New York, May 19, 2026, 07:09 EDT
- Zeta Global traded at $19.85 before the bell, gaining 3.4% after it finished Monday’s regular session 11.6% higher at $19.19. Premarket trading happens ahead of the main NYSE open.
- Zeta shares moved after CEO David Steinberg told the JPMorgan conference the company had made a deal with OpenAI on advertising support.
- Regular NYSE core trading hours are 9:30 a.m. to 4:00 p.m. ET. May 19 doesn’t appear on the NYSE’s 2026 holiday list.
Zeta Global Holdings Corp (ZETA.N) climbed in premarket trade Tuesday after the company’s CEO said it made a deal with OpenAI related to advertising, pushing shares higher again after a strong rally.
The shares were last at $19.85, up 3.4% from Monday, as of 7:08 a.m. EDT. The stock ran up 11.6% in the previous session to $19.19. It hit $19.44 Monday and over 17 million shares changed hands, according to StockAnalysis.
Zeta shifts strategy on its OpenAI tie-up
The timing is key. Zeta has spent this year pushing to show that big companies are picking its platform, not just for AI but as real clients. At a JPMorgan tech event on Monday, CEO Steinberg told the crowd Zeta has “executed an agreement” with OpenAI and would now “run their advertising,” a conference transcript shows. Seeking Alpha
Bank of America reinstated coverage on Zeta, giving it a Buy and setting the target at $24, TheFly said via TipRanks on Tuesday. The move had Zeta showing up in early screens before the U.S. open.
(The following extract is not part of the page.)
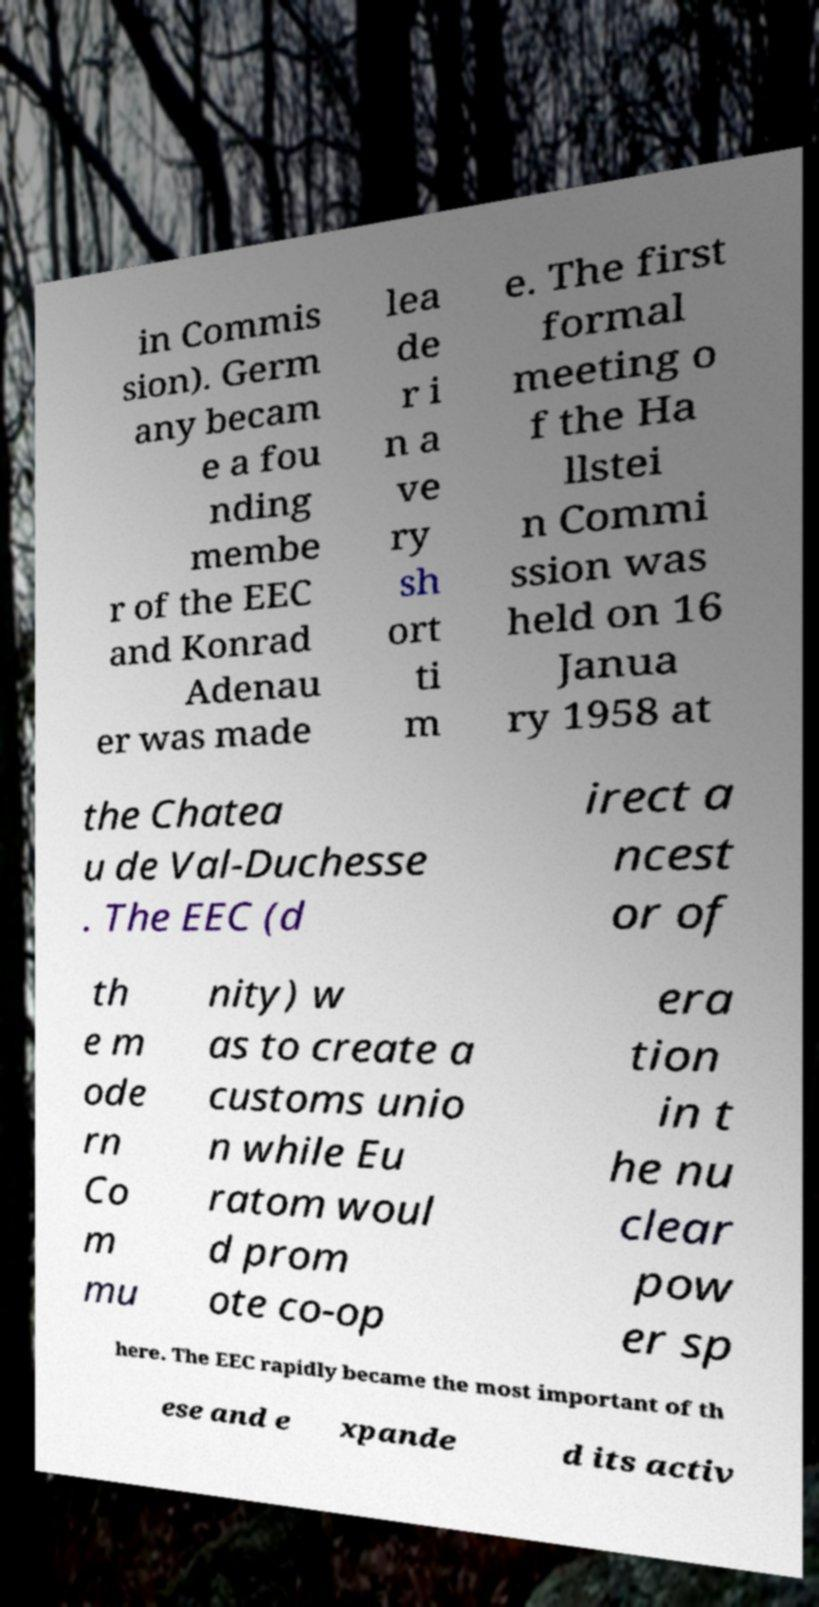I need the written content from this picture converted into text. Can you do that? in Commis sion). Germ any becam e a fou nding membe r of the EEC and Konrad Adenau er was made lea de r i n a ve ry sh ort ti m e. The first formal meeting o f the Ha llstei n Commi ssion was held on 16 Janua ry 1958 at the Chatea u de Val-Duchesse . The EEC (d irect a ncest or of th e m ode rn Co m mu nity) w as to create a customs unio n while Eu ratom woul d prom ote co-op era tion in t he nu clear pow er sp here. The EEC rapidly became the most important of th ese and e xpande d its activ 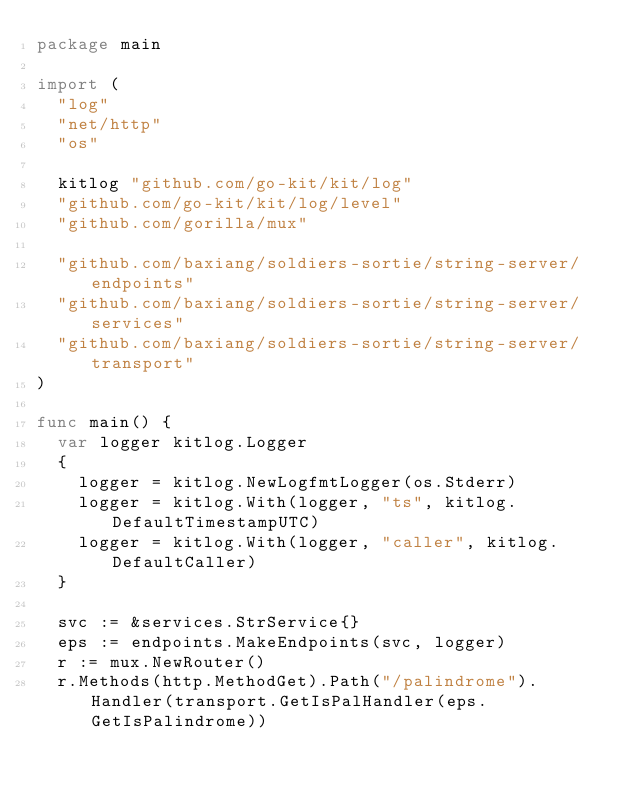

Zeta has plugged OpenAI tech into its business before, but this is the first time it’s pitching the tie-up for advertising. Back in January, Zeta said Athena by Zeta, its marketing AI agent, would use OpenAI models. The agent is meant to answer user questions, suggest actions, or handle tasks. “Zeta is showing AI can go beyond insight and into action,” OpenAI Chief Commercial Officer Giancarlo “GC” Lionetti said at the time. Zeta Global
Zeta’s Athena tool is in early testing now, with the first two apps, Insights and Advisor, entering beta, the company said. Steinberg called Athena an example of how AI is moving “from the edges of marketing to the center.” Zeta Global
Zeta shares are getting a lift from stronger recent results. The company put up first-quarter revenue of $396 million, a jump of 50% from the same period last year. Zeta also lifted its full-year 2026 revenue target to a midpoint of $1.785 billion. The company took its adjusted EBITDA guidance higher as well.
Management is pushing the momentum story. In the April earnings release, Steinberg said “Zeta is the disruptor” in an AI replacement cycle. Chief Financial Officer Chris Greiner said 19 beat-and-raise quarters in a row is “not just consistency.” Securities and Exchange Commission
Another move on the data front came last week, when Zeta said it will join Snowflake’s Open Semantic Interchange. The open-source project aims to line up business data definitions for AI and analytics. “AI is only as effective as the data it can trust,” Zeta CTO Christian Monberg said. Business Wire
Zeta is still up against plenty of competition. The company pitches itself versus bigger marketing-cloud and ad-tech names like Salesforce, Adobe and The Trade Desk, all making AI tools standard now. In January, KeyBanc’s Jackson Ader said Zeta’s OpenAI deal might give it an edge in a marketing space “where many companies are offering similar AI capabilities.” Barron’s
The move could reverse fast if investors see the OpenAI ad deal as too narrow, slow to bring in revenue, or lacking clear economic terms. Zeta’s latest quarterly filing notes the company faces tough competition, stricter data and privacy rules that could hit demand, and potential risks from changing AI regulation.
Traders get a clear setup with little action in the premarket. The bigger move hits after the 9:30 a.m. open, as regular-session volume reveals if Monday’s OpenAI play keeps going or fades as another quick AI trade.